Neptune is a tokenless liquidity DAO supported by OpenLaw and, The LAO and Flamingo DAO. It is governed by the majority rule of its max. 99 members to invest in cutting-edge crypto initiatives. It restricts power gaps between its members and keeps most of its affairs private and accessible to members only.

About

The Neptune DAO is the first DAO to focus on Liquidity management. It aims to provide liquidity and support to DeFi/NFT and other protocols. Built on Moloch, it got deployed on-chain on 2 April, 2021, and its current 71 membership seats sold out off the bat. The initial buy-in was 60 Eth, and the sale got Neptune’s initial treasury to a total of 10,200 Ether (data: Neptune on DeepDAO & correspondence with Neptune).

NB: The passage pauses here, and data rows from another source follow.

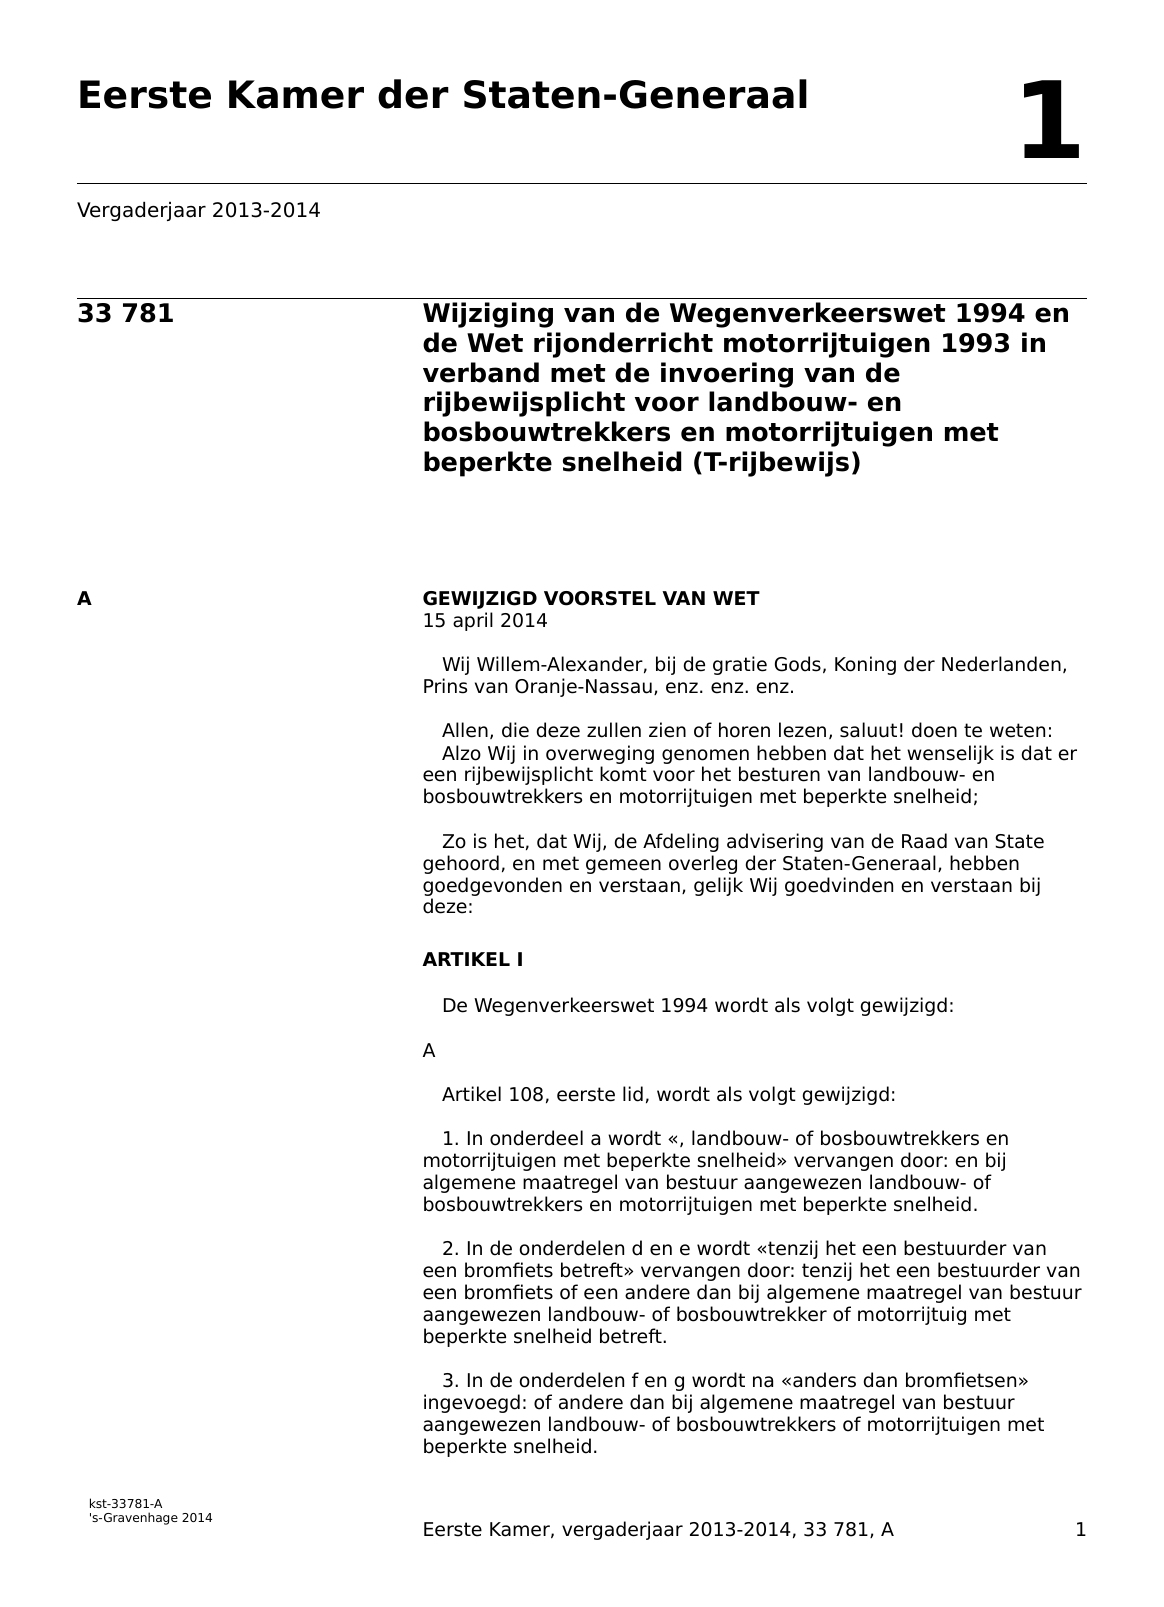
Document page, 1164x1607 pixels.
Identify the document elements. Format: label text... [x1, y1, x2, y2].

subtitle A GEWIJZIGD VOORSTEL VAN WET [77, 588, 1087, 610]
table_header Eerste Kamer der Staten-Generaal [77, 59, 886, 183]
text 3. In de onderdelen f en g wordt na «anders dan bromfietsen» ingevoegd: of andere dan bij algemene maatregel van bestuur aangewezen landbouw- of bosbouwtrekkers of motorrijtuigen met beperkte snelheid. [422, 1370, 1087, 1458]
text De Wegenverkeerswet 1994 wordt als volgt gewijzigd: [422, 995, 1087, 1017]
table_header 1 [886, 59, 1087, 183]
text 1. In onderdeel a wordt «, landbouw- of bosbouwtrekkers en motorrijtuigen met beperkte snelheid» vervangen door: en bij algemene maatregel van bestuur aangewezen landbouw- of bosbouwtrekkers en motorrijtuigen met beperkte snelheid. [422, 1128, 1087, 1216]
text kst-33781-A [88, 1497, 323, 1511]
text Zo is het, dat Wij, de Afdeling advisering van de Raad van State gehoord, en met gemeen overleg der Staten-Generaal, hebben goedgevonden en verstaan, gelijk Wij goedvinden en verstaan bij deze: [422, 831, 1087, 918]
table_cell Vergaderjaar 2013-2014 [77, 184, 1087, 298]
subtitle ARTIKEL I [422, 948, 1087, 970]
text Alzo Wij in overweging genomen hebben dat het wenselijk is dat er een rijbewijsplicht komt voor het besturen van landbouw- en bosbouwtrekkers en motorrijtuigen met beperkte snelheid; [422, 742, 1087, 808]
text 15 april 2014 [422, 610, 1087, 632]
text Artikel 108, eerste lid, wordt als volgt gewijzigd: [422, 1084, 1087, 1106]
text 2. In de onderdelen d en e wordt «tenzij het een bestuurder van een bromfiets betreft» vervangen door: tenzij het een bestuurder van een bromfiets of een andere dan bij algemene maatregel van bestuur aangewezen landbouw- of bosbouwtrekker of motorrijtuig met beperkte snelheid betreft. [422, 1238, 1087, 1348]
subtitle 33 781 Wijziging van de Wegenverkeerswet 1994 en de Wet rijonderricht motorrijtuigen 1993 in verband met de invoering van de rijbewijsplicht voor landbouw- en bosbouwtrekkers en motorrijtuigen met beperkte snelheid (T-rijbewijs) [77, 299, 1087, 477]
text 's-Gravenhage 2014 [88, 1511, 323, 1525]
text Wij Willem-Alexander, bij de gratie Gods, Koning der Nederlanden, Prins van Oranje-Nassau, enz. enz. enz. [422, 654, 1087, 698]
text Allen, die deze zullen zien of horen lezen, saluut! doen te weten: [422, 720, 1087, 742]
text A [422, 1039, 1087, 1062]

Of that treasury, 6,539.81 Ether had already been allocated at the time of writing. According to Neptune’s proposals data and its documents, the funds (minus fees and expenses) were allocated to five Side Pockets — approved accounts designated by the members towards specific investment strategies. As of July 29th 2021, Neptune registered 12 such strategies, the details of which are not publicly disclosed.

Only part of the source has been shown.